Architecture high-level overview

The Prometheus stack consists of many separate programs / applications, which all have a dedicated responsibility. They all communicate with each other via HTTP to achieve their overall goal: observability of your (possibly large-scale) distributed system. The team behind Prometheus chose this separation-of-concerns-approach so that each program can be configured and deployed separately (on different machines, if necessary). It also reduces the complexity of each individual program. Let’s take a look at the Prometheus architecture diagram of the official documentation:

Prometheus official architecture

At the heart we have the Prometheus server, which has several sub-systems, most notably the TSDB, the retrieval component, and a HTTP server. The TSDB is a persistent, disk-based Time Series Database. The retrieval component regularly pulls “metric data” from other applications that expose these metrics (via HTTP), e.g. every 15 seconds, and stores them in the TSDB. This regularly pulling is also called “scraping”. The Prometheus HTTP server offers a REST endpoint that allows other systems, such as Grafana, to query stored metrics data.

In general terms, metrics are numeric data that provide information about a particular service (e.g. a process) or system (e.g. a server node). A concrete example could be the disk usage of a node, or the total number of requests made to a HTTP server (or to a specific HTTP path). Metrics are stored in a TSDB where they can be efficiently compressed, processed and retrieved.

In Prometheus, metrics have a simple format: <name>{label1=value1,label2=value2,...} <float64 value>

A concrete example: prometheus_target_metadata_cache_bytes{scrape_job="alertmanager"} 5672

In Prometheus, metrics are created by applications such as exporters (see right below for more details). Metrics are exposed as plain text via HTTP, typically on a /metric endpoint, with one metric per line. As you can see, there is no timestamp in the output, because Prometheus expects that the returned metrics reflect the current state, and Prometheus will add the timestamp when storing the scraped data into its TSDB.

Where do metrics come from, you ask? There are two basic types of applications that expose metrics:

  1. Your own application, for which you implement a /metrics HTTP endpoint offering these metrics. The Prometheus community has built SDKs simplifying this task, for all common programming languages.
  2. A third-party exporter. An exporter is an application which scrapes metrics from a third-party system (e.g. a database server, or the host’s operating system kernel) using that system’s proprietary APIs, and converts the obtained metrics to the Prometheus metrics format, also exposing them on the /metrics endpoint. The third-party system itself is not aware that it is being observed. There are hundreds of ready-to-use exporters, see here and here! The most famous one is node exporter, which extracts metrics from a compute node, e.g. the usage of memory, storage, networking and CPUs. Another important one is cAdvisor, which exports resource usage and performance characteristics of running Docker containers.

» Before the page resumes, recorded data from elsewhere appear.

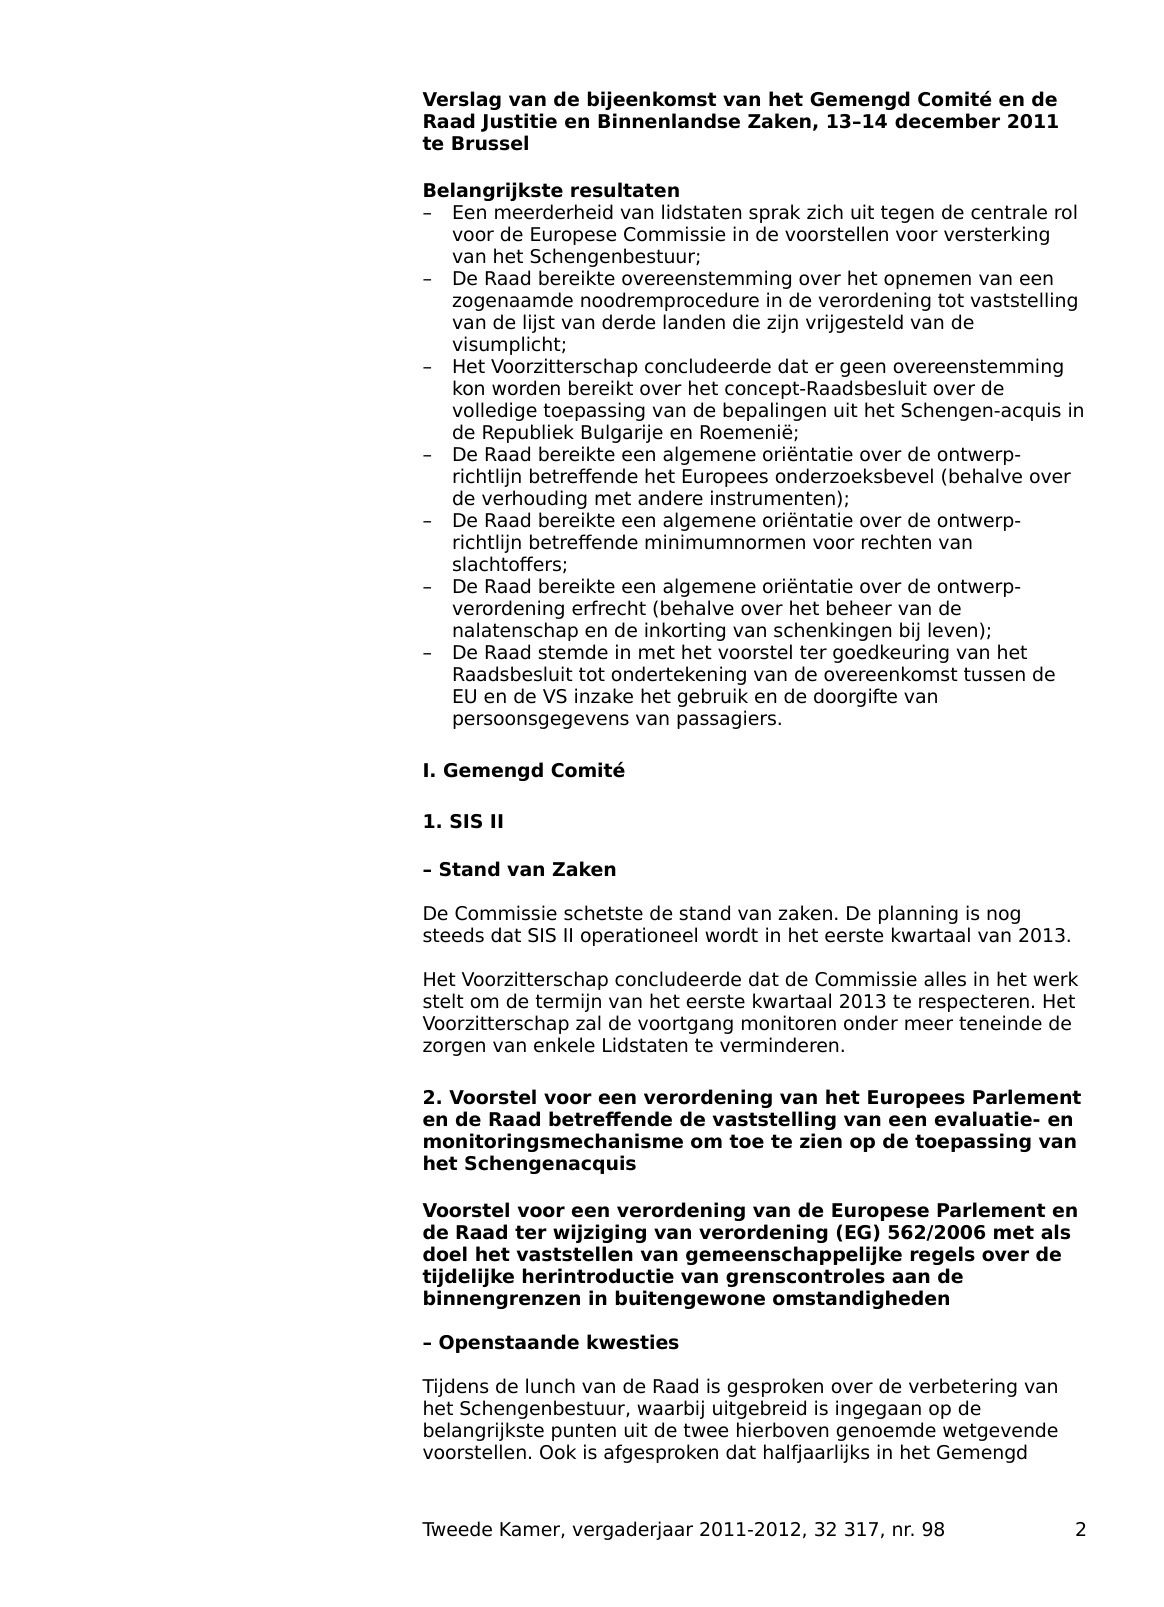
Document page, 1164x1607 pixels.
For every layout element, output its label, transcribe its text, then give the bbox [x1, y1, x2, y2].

text – Het Voorzitterschap concludeerde dat er geen overeenstemming kon worden bereikt over het concept-Raadsbesluit over de volledige toepassing van de bepalingen uit het Schengen-acquis in de Republiek Bulgarije en Roemenië; [422, 356, 1087, 444]
subtitle I. Gemengd Comité [422, 759, 1087, 781]
text Het Voorzitterschap concludeerde dat de Commissie alles in het werk stelt om de termijn van het eerste kwartaal 2013 te respecteren. Het Voorzitterschap zal de voortgang monitoren onder meer teneinde de zorgen van enkele Lidstaten te verminderen. [422, 969, 1087, 1057]
text – De Raad stemde in met het voorstel ter goedkeuring van het Raadsbesluit tot ondertekening van de overeenkomst tussen de EU en de VS inzake het gebruik en de doorgifte van persoonsgegevens van passagiers. [422, 642, 1087, 729]
subtitle Verslag van de bijeenkomst van het Gemengd Comité en de Raad Justitie en Binnenlandse Zaken, 13–14 december 2011 te Brussel [422, 89, 1087, 155]
text – De Raad bereikte een algemene oriëntatie over de ontwerp-richtlijn betreffende het Europees onderzoeksbevel (behalve over de verhouding met andere instrumenten); [422, 444, 1087, 510]
text Tijdens de lunch van de Raad is gesproken over de verbetering van het Schengenbestuur, waarbij uitgebreid is ingegaan op de belangrijkste punten uit de twee hierboven genoemde wetgevende voorstellen. Ook is afgesproken dat halfjaarlijks in het Gemengd [422, 1376, 1087, 1464]
subtitle Voorstel voor een verordening van de Europese Parlement en de Raad ter wijziging van verordening (EG) 562/2006 met als doel het vaststellen van gemeenschappelijke regels over de tijdelijke herintroductie van grenscontroles aan de binnengrenzen in buitengewone omstandigheden [422, 1199, 1087, 1309]
text – De Raad bereikte overeenstemming over het opnemen van een zogenaamde noodremprocedure in de verordening tot vaststelling van de lijst van derde landen die zijn vrijgesteld van de visumplicht; [422, 268, 1087, 356]
text – Een meerderheid van lidstaten sprak zich uit tegen de centrale rol voor de Europese Commissie in de voorstellen voor versterking van het Schengenbestuur; [422, 202, 1087, 268]
text De Commissie schetste de stand van zaken. De planning is nog steeds dat SIS II operationeel wordt in het eerste kwartaal van 2013. [422, 903, 1087, 947]
subtitle – Stand van Zaken [422, 858, 1087, 880]
subtitle – Openstaande kwesties [422, 1332, 1087, 1354]
text – De Raad bereikte een algemene oriëntatie over de ontwerp-richtlijn betreffende minimumnormen voor rechten van slachtoffers; [422, 510, 1087, 576]
subtitle Belangrijkste resultaten [422, 180, 1087, 202]
subtitle 1. SIS II [422, 811, 1087, 833]
subtitle 2. Voorstel voor een verordening van het Europees Parlement en de Raad betreffende de vaststelling van een evaluatie- en monitoringsmechanisme om toe te zien op de toepassing van het Schengenacquis [422, 1087, 1087, 1174]
text – De Raad bereikte een algemene oriëntatie over de ontwerp-verordening erfrecht (behalve over het beheer van de nalatenschap en de inkorting van schenkingen bij leven); [422, 576, 1087, 642]

Back to scraping. At the end of each scrape loop, Prometheus evaluates alert rules on the metrics stored so far. You write these alert rules using Prometheus’ query language, PromQL. An example for an alert rule might be “disk usage of any disk on any node has exceeded 90%”. If any of the configured alert rules are triggered, Prometheus generates an alert and pushes it to the Alertmanager application. Note that the alert is just a (JSON) object, no emails, pager messages, etc. have been sent yet! When the Alertmanager receives the alert, it stores it in its internal database. The Alertmanager deduplicates and groups the alerts (to reduce spam), using a configuration you provided. It then generates alert notifications, i.e., it routes alerts to the correct receiver, such as email, or PagerDuty.

There are two more boxes in the architecture diagram that require an explanation:

  • Pushgateway & short-lived jobs: if you want Prometheus to collect metrics of an application or job (e.g. a cron job) that has a very short life span (that is shorter than Prometheus’ scrape interval), you’d have a problem: the application (and its /metrics HTTP endpoint) might not be alive when Prometheus attempts to scrape it. To circumvent this problem, you run a tool such as Pushgateway, which is a permanently-running metrics cache that short-lived jobs can push metrics to. Prometheus then scrapes these cached metrics from the Pushgateway’s /metrics endpoint.
  • Service discovery: Prometheus was built for monitoring large, horizontally-scaled distributed systems. They consist of many (compute) nodes and service instances, which come and go all the time, e.g. due to elastic scaling. For such systems, it would be an unmanageable burden to manually configure a static list of hosts / targets that the Retrieval component of Prometheus should scrape. The Service discovery (SD) mechanism of Prometheus implements a dynamic discovery mechanism, with many concrete implementations already available, that discovers scrape targets dynamically. For instance, SD can detect services and nodes in Kubernetes, or Consul (for a list of implementations, see the ..._sd_config blocks in the official docs).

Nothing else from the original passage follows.